Al hablar de GSG-9 se refería a la curtida unidad de comandos de Alemania Federal, sacados de las fuerzas de frontera, que habían tomado por asalto el avión secuestrado en Mogadiscio, cinco años atrás.
La discusión prosiguió durante una hora: o había que acceder a las condiciones de los terroristas, teniendo en cuenta la internacionalidad de las probables víctimas en caso de negativa, y resignarse a las inevitables protestas de Moscú; o rechazarlas, confiando en que se tratase de un farol; o consultar con los aliados británicos la idea de tomar el Freya por asalto. Pareció ganar terreno una solución de compromiso, consistente en emplear una táctica dilatoria, ganar tiempo y tratar de averiguar las verdaderas intenciones de los secuestradores del Freya. A las cuatro y cuarto, alguien llamó suavemente a la puerta. El canciller Busch frunció el ceño; no le gustaban las interrupciones.
—¡Adelante! —gritó.
Un auxiliar entró en el salón y murmuró algo al oído del canciller. El jefe del Gobierno federal palideció.
—Du lieber Gott! —suspiró.
Cuando el ligero avión, más tarde identificado como un «Cessna» de propiedad particular, que había despegado del aeródromo de Le Touquet, en la costa francesa, empezó a acercarse, fue localizado por tres zonas de control aéreo diferentes: Heathrow, Bruselas y Amsterdam. Volaba hacía el Norte, y los aparatos de radar lo situaron a mil quinientos metros de altura y en dirección al Freya. El éter empezó a crepitar furiosamente.
—Avión no identificado en posición… Identifíquese y vuelva atrás. Está entrando en una zona prohibida…
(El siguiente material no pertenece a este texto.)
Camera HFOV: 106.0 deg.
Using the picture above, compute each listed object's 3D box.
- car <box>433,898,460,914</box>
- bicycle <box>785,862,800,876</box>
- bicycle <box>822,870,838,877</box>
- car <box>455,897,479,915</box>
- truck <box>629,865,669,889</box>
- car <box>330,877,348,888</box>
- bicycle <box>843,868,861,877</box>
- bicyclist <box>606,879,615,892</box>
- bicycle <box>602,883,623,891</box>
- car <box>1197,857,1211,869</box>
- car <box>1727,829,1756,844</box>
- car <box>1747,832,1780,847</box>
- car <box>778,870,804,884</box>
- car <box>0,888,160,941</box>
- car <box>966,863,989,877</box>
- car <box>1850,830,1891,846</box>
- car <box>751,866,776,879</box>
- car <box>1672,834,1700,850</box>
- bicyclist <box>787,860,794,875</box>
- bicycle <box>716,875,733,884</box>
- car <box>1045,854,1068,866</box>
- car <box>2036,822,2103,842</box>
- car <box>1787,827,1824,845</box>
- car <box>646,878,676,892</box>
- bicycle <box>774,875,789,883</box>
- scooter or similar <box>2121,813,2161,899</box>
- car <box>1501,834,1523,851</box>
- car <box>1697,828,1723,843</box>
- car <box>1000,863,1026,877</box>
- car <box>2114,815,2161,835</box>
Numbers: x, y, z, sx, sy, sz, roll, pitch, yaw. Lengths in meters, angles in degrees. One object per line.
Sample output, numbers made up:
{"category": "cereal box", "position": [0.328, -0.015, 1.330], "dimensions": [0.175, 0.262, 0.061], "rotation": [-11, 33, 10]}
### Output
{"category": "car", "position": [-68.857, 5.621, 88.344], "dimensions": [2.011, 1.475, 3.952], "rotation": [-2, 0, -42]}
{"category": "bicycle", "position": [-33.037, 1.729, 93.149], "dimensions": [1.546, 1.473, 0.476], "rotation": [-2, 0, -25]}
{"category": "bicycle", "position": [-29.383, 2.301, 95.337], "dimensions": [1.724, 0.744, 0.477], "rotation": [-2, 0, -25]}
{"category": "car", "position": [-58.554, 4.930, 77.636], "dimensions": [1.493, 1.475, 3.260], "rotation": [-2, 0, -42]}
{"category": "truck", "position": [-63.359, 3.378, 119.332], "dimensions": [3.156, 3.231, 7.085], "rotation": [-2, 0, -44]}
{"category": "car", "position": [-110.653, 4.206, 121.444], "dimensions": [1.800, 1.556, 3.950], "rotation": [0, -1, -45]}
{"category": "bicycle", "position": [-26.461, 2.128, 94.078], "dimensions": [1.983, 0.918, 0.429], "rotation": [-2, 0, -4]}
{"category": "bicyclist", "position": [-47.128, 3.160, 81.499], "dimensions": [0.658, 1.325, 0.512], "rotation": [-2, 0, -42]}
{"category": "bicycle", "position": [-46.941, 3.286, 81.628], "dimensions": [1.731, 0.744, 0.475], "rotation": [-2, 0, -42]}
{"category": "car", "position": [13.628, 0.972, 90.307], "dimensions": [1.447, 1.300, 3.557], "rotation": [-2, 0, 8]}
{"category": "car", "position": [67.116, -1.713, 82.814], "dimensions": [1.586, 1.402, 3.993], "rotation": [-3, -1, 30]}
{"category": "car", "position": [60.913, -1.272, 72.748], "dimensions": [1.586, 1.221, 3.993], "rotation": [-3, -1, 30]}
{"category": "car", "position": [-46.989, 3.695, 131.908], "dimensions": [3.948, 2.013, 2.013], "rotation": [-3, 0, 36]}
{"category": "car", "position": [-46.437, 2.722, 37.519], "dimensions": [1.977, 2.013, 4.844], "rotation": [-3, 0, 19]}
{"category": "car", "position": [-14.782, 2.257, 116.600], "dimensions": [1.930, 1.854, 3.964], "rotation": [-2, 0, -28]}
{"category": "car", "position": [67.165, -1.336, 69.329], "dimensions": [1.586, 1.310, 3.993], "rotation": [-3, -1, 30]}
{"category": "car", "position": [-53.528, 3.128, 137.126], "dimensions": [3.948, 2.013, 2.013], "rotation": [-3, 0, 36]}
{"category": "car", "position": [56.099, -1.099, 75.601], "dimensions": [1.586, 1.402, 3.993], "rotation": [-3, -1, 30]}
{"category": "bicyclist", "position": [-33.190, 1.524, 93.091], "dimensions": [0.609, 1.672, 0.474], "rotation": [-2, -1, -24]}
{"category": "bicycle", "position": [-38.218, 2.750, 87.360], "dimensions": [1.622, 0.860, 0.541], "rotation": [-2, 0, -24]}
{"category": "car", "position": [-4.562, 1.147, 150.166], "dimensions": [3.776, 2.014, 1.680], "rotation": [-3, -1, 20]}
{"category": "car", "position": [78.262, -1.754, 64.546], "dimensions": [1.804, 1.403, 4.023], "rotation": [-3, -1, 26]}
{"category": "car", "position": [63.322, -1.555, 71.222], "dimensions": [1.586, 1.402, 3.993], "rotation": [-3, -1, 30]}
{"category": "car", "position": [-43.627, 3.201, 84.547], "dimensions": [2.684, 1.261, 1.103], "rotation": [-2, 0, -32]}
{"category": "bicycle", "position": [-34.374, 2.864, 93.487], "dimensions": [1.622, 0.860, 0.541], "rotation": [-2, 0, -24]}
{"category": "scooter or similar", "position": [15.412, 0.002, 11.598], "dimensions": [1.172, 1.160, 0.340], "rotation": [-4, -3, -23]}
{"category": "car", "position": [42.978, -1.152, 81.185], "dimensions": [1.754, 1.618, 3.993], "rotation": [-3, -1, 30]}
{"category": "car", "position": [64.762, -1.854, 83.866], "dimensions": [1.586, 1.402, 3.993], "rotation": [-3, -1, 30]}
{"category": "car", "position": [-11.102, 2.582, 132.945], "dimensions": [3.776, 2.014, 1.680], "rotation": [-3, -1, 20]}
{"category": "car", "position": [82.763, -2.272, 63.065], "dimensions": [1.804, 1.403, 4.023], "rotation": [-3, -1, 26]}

Los mensajes eran transmitidos en francés y en inglés, y después lo fueron también en alemán. Pero sin resultado. O el piloto había cerrado su radio, o empleaba un canal equivocado. Los operadores de tierra empezaron a probar otras longitudes de onda.
El Nimrod, que trazaba círculos a gran altura, captó el avión en su radar y trató de comunicar con él.
A bordo del «Cessna», el piloto se volvió desesperadamente al pasajero.
—Piden mi licencia —gritó—. Se diría que están locos.
—¡Cierre la radio! —gritó a su vez el pasajero—. No se preocupe; no pasará nada. No les ha oído. ¿De acuerdo?
El pasajero agarró su cámara y ajustó la lente de teleobjetivo. Empezó a enfocar el superpetrolero, cada vez más próximo. En el castillo de proa, el centinela enmascarado se irguió y frunció los párpados para protegerse los ojos del sol, que estaba ahora en el Sudoeste. El avión procedía del Sur. Después de observar unos segundos, sacó un walkie-talkie del anorak y habló rápidamente.
En el puente, uno de sus colegas oyó el mensaje, miró a través de la pantalla panorámica y salió apresuradamente al ala del puente. Desde allí, también él pudo oír el zumbido del motor. Volvió a entrar en el puente y sacudió a su dormido compañero, dándole varias órdenes en ucraniano. El hombre bajó corriendo al camarote de día y llamó a la puerta.
Dentro del camarote, Thor Larsen y Andriy Drach, sin afeitar y más macilentos que doce horas antes, seguían sentados a la mesa; y el ucraniano seguía empuñando su pistola con la diestra. A un palmo y medio de él estaba su potente radio de transistores, captando las últimas noticias. El enmascarado entró y habló en ucraniano. Su jefe frunció el ceño y ordenó al hombre que ocupase su sitio en el camarote.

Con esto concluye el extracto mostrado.